Work task: Would you quote the material below from its first line through the line containing "Page size: 1241x1754.", exactly and with both ends included?
Segment Start: Entries supplied
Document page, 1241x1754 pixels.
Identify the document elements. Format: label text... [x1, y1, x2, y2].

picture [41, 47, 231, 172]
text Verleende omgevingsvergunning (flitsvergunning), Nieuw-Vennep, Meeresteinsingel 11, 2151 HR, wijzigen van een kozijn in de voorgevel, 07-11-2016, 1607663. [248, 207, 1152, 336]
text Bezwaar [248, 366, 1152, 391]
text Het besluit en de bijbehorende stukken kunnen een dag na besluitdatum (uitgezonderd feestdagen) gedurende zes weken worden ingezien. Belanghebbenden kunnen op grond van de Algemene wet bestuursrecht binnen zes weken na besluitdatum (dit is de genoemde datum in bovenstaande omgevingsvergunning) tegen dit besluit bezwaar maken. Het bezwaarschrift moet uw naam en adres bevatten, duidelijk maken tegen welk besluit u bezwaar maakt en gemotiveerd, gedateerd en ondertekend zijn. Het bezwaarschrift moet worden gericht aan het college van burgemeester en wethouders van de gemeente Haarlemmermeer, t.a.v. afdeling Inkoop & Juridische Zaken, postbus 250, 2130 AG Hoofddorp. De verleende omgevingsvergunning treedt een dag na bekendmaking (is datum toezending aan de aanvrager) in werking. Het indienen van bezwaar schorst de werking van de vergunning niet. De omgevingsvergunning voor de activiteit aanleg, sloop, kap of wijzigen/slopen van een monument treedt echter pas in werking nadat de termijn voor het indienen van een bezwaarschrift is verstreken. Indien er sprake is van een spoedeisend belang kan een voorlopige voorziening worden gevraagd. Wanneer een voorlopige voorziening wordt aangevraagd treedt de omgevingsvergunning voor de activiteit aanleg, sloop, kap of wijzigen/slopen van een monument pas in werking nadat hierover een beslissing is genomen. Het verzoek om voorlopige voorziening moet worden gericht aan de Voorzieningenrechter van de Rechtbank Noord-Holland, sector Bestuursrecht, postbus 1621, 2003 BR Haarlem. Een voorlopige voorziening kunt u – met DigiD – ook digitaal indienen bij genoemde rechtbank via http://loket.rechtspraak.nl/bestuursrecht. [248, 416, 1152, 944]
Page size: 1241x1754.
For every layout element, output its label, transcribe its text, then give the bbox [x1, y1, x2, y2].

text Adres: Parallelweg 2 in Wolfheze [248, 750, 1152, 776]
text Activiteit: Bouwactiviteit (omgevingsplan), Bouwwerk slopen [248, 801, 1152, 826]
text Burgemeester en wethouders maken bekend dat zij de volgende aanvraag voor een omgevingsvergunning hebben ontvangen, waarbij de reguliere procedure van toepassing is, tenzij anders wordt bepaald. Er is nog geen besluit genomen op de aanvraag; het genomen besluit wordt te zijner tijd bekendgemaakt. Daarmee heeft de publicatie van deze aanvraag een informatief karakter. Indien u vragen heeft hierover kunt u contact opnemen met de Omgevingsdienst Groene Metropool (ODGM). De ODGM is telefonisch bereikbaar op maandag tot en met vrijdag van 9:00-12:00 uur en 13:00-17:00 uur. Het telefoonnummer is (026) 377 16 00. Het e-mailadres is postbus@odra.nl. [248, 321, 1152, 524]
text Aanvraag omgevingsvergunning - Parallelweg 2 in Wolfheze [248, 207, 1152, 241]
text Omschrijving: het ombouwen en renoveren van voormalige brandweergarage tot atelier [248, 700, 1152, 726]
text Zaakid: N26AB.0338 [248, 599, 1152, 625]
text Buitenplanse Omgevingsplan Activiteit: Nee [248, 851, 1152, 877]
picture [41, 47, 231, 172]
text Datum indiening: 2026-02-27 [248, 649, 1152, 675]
Segment End: Entries supplied
Exercise output:
Document page, 1241x1754 pixels.
Identify the document elements. Format: label text... [x1, y1, x2, y2].

picture [41, 47, 231, 172]
text Verleende omgevingsvergunning (flitsvergunning), Nieuw-Vennep, Meeresteinsingel 11, 2151 HR, wijzigen van een kozijn in de voorgevel, 07-11-2016, 1607663. [248, 207, 1152, 336]
text Bezwaar [248, 366, 1152, 391]
text Het besluit en de bijbehorende stukken kunnen een dag na besluitdatum (uitgezonderd feestdagen) gedurende zes weken worden ingezien. Belanghebbenden kunnen op grond van de Algemene wet bestuursrecht binnen zes weken na besluitdatum (dit is de genoemde datum in bovenstaande omgevingsvergunning) tegen dit besluit bezwaar maken. Het bezwaarschrift moet uw naam en adres bevatten, duidelijk maken tegen welk besluit u bezwaar maakt en gemotiveerd, gedateerd en ondertekend zijn. Het bezwaarschrift moet worden gericht aan het college van burgemeester en wethouders van de gemeente Haarlemmermeer, t.a.v. afdeling Inkoop & Juridische Zaken, postbus 250, 2130 AG Hoofddorp. De verleende omgevingsvergunning treedt een dag na bekendmaking (is datum toezending aan de aanvrager) in werking. Het indienen van bezwaar schorst de werking van de vergunning niet. De omgevingsvergunning voor de activiteit aanleg, sloop, kap of wijzigen/slopen van een monument treedt echter pas in werking nadat de termijn voor het indienen van een bezwaarschrift is verstreken. Indien er sprake is van een spoedeisend belang kan een voorlopige voorziening worden gevraagd. Wanneer een voorlopige voorziening wordt aangevraagd treedt de omgevingsvergunning voor de activiteit aanleg, sloop, kap of wijzigen/slopen van een monument pas in werking nadat hierover een beslissing is genomen. Het verzoek om voorlopige voorziening moet worden gericht aan de Voorzieningenrechter van de Rechtbank Noord-Holland, sector Bestuursrecht, postbus 1621, 2003 BR Haarlem. Een voorlopige voorziening kunt u – met DigiD – ook digitaal indienen bij genoemde rechtbank via http://loket.rechtspraak.nl/bestuursrecht. [248, 416, 1152, 944]
Page size: 1241x1754.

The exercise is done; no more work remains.